Source Code Walkthrough¶
How go func() Works Internally¶
When you write go myFunc(), the compiler generates a call to runtime.newproc():
File: src/runtime/proc.go (Go 1.22)
// Simplified from runtime/proc.go
// newproc creates a new goroutine to run fn.
func newproc(fn *funcval) {
gp := getg() // Get current goroutine
pc := getcallerpc() // Get caller's program counter
systemstack(func() {
newg := newproc1(fn, gp, pc) // Create the new goroutine struct
pp := getg().m.p.ptr() // Get current P (processor)
runqput(pp, newg, true) // Put new goroutine on P's local run queue
if mainStarted {
wakep() // Wake an idle P if available
}
})
}
What happens step by step: 1. newproc1() allocates a g struct (goroutine descriptor) 2. Sets up the goroutine's stack (initially 2KB from a pool) 3. Copies the function pointer and arguments to the new stack 4. Sets goroutine.status = _Grunnable 5. Places the goroutine on the current P's local run queue 6. If there are idle Ps, wakes them up to potentially pick up the work
How the Scheduler Picks the Next Goroutine¶
File: src/runtime/proc.go
// Simplified from runtime/proc.go
func schedule() {
gp := getg().m // Current M (OS thread)
// Every 61st schedule, check global run queue (prevent starvation)

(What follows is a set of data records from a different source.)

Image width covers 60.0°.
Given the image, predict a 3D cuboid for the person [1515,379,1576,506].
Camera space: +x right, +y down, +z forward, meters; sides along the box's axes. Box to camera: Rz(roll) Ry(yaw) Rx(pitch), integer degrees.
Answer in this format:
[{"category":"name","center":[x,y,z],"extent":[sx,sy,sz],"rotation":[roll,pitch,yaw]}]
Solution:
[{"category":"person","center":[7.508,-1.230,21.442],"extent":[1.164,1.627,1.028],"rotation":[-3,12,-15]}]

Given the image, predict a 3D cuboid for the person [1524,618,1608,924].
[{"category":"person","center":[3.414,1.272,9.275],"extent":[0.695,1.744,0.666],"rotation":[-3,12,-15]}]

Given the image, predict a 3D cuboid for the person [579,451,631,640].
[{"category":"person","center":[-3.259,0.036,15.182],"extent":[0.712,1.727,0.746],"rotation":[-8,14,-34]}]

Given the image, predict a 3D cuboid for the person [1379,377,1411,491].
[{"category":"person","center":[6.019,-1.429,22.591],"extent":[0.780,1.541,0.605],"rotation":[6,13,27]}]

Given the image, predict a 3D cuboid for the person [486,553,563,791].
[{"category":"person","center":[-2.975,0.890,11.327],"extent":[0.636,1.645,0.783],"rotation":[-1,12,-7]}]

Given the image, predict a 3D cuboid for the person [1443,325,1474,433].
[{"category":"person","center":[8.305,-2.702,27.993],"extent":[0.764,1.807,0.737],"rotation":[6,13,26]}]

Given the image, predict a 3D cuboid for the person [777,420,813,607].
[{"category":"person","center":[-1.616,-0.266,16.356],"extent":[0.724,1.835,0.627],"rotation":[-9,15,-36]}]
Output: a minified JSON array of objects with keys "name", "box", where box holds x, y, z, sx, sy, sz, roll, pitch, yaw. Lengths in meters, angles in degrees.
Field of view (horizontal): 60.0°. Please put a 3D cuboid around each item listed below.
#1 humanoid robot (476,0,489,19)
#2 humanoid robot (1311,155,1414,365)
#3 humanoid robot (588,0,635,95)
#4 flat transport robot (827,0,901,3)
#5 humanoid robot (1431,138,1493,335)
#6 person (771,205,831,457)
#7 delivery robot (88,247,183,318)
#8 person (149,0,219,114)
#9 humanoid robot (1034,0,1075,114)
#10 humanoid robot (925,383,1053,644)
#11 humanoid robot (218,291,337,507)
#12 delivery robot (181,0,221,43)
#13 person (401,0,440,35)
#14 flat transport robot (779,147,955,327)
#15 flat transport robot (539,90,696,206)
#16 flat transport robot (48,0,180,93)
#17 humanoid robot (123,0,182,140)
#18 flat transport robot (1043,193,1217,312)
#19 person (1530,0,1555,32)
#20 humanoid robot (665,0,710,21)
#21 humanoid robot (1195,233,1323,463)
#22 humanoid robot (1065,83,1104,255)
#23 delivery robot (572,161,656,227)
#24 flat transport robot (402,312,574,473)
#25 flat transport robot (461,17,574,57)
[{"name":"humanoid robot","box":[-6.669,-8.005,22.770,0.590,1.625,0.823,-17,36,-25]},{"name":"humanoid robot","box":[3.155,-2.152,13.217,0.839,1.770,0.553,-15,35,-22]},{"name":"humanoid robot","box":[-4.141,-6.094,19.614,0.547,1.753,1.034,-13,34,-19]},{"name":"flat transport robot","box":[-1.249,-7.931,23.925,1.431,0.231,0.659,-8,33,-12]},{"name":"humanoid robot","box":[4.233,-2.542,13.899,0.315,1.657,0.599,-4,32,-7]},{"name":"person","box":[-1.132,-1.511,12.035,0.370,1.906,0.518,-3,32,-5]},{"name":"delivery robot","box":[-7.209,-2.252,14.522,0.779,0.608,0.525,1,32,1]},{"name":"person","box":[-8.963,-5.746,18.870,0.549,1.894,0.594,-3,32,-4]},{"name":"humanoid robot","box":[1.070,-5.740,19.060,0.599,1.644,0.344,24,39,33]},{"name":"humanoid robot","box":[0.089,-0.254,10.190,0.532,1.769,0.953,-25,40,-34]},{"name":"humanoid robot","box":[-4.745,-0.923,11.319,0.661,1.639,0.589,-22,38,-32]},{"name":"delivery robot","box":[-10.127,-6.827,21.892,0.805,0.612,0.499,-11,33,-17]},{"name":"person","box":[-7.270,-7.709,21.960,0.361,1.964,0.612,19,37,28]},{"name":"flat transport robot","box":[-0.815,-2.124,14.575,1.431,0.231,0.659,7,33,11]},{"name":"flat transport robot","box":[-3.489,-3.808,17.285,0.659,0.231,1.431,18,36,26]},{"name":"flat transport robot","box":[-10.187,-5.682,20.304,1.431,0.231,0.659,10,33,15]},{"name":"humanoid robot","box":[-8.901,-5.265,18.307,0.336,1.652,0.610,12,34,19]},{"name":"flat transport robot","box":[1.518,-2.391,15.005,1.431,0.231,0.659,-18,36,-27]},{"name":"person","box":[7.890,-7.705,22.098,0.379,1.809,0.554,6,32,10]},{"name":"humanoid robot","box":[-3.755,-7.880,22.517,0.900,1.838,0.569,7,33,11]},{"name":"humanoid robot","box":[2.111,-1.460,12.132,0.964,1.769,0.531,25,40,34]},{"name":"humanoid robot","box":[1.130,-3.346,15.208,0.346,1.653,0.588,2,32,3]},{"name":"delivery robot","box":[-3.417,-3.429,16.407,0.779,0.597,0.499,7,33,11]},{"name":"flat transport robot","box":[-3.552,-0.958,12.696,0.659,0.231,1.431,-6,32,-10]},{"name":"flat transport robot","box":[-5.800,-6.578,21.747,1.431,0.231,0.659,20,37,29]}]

if gp.schedtick%61 == 0 && sched.runqsize > 0 {
gp = runqget(sched) // Steal from global queue
}
// Try local run queue first
if gp == nil {
gp = runqget(pp)
}
// Try to steal from other Ps
if gp == nil {
gp = findrunnable() // Work stealing
}
// Run the goroutine
execute(gp)
}
Assembly Output Analysis¶
Viewing Assembly Output¶
# View assembly for a specific function
go build -gcflags="-S" main.go 2>&1 | grep -A 20 "main.main STEXT"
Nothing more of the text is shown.